Urban planners hoping to mitigate floods by specifically designing municipalities to soak up water
beSpacific 2025-08-04
“After massive flooding in 2011 caused $1.8 billion in damage, Copenhagen began refashioning its infrastructure: It built wetlands and parks, plus underground pipes and basins, to gather and redirect the rainwater. The project is ongoing, but it is already helping the Danish capital withstand torrential rains, and the “sponge city” model is being copied by “cities as disparate as Auckland, Nairobi, Singapore, New York, Rotterdam, and Berlin,” Yale Environment 360 reported. Using nature-based features, like gardens and trees, is key, as while rainwater gathers on top of concrete, it filters down into soil, and is sucked up by plants…
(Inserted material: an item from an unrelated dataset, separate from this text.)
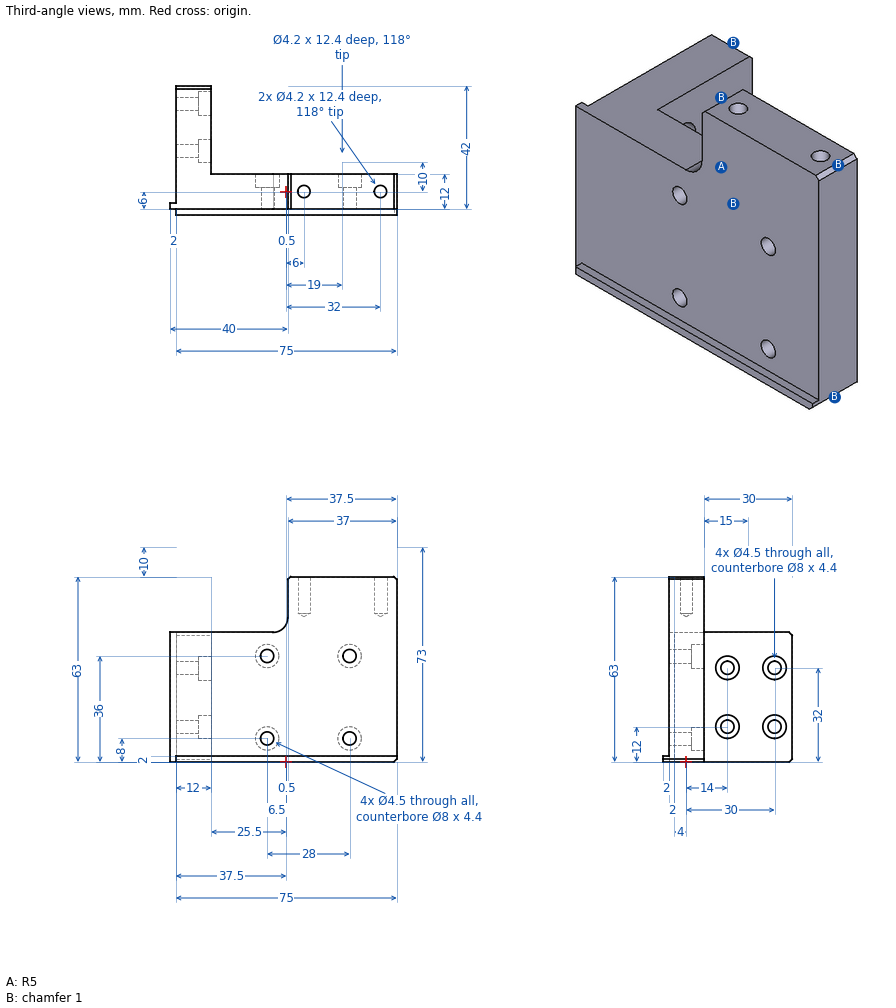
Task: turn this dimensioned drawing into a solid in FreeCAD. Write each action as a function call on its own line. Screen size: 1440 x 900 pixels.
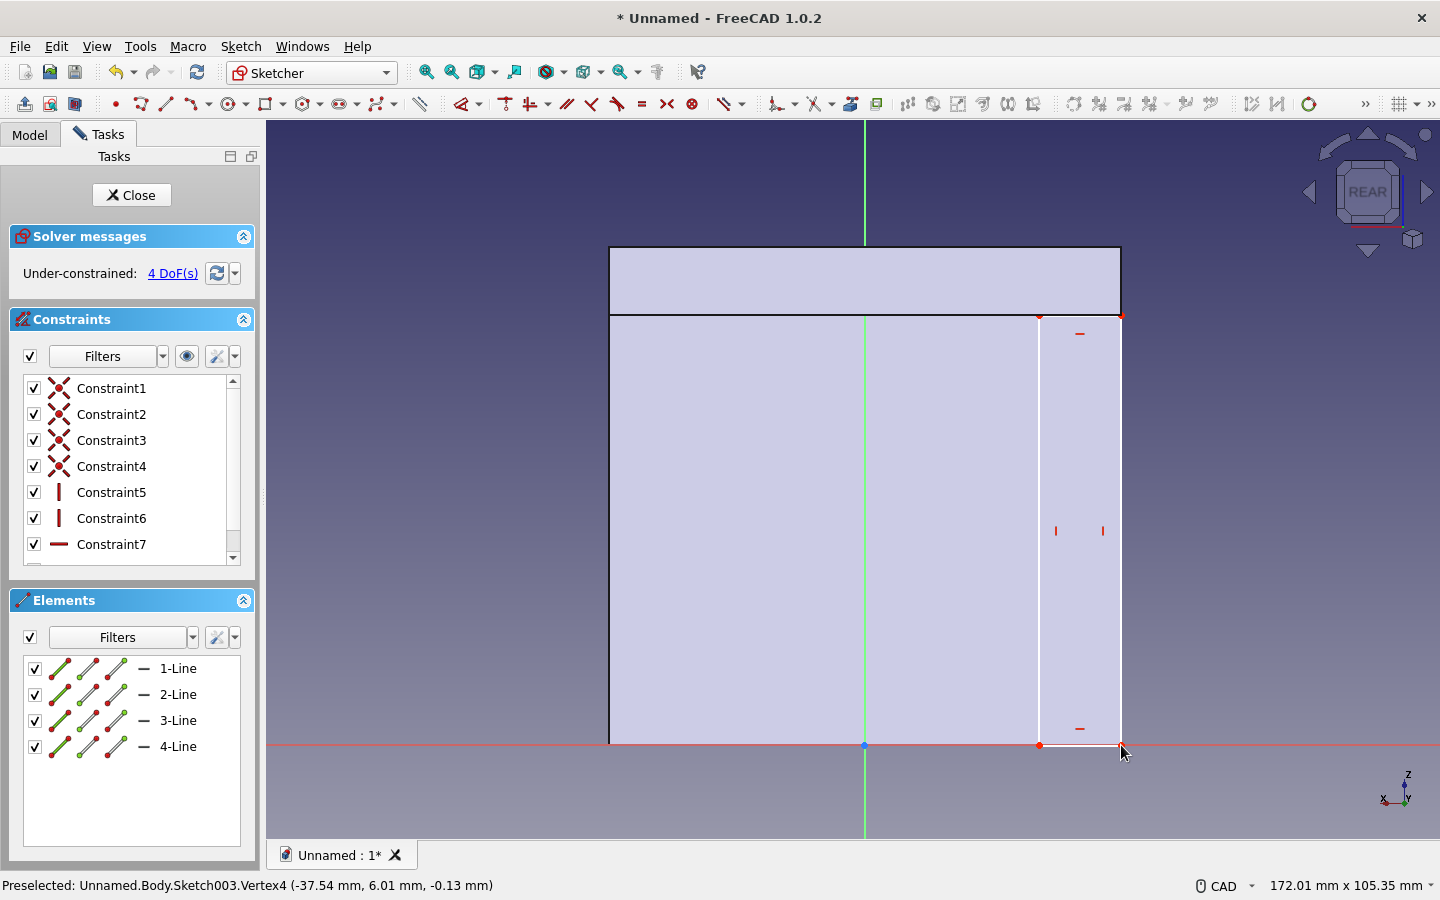
click(1039, 746)

The Intergovernmental Panel on Climate Change predicts that urban centers in high latitudes will experience both heavier and more frequent rain events in future decades, with 100-year flood events at least doubling in frequency across 40 percent of the globe by 2050, according to a 2024 paper published in Nature. Moreover, the melting of polar ice sheets will cause sea levels to rise — an obvious threat to low-lying, sea-bound Denmark. The Danish Meteorological Institute predicts as much as 55 percent more precipitation in the winter months by 2100, with downpours ever more intense, should global temperatures rise by 2 to 3 degrees Celsius over preindustrial levels. Denmark’s adjacent seas — the North and the Baltic — could rise by up to 4 feet.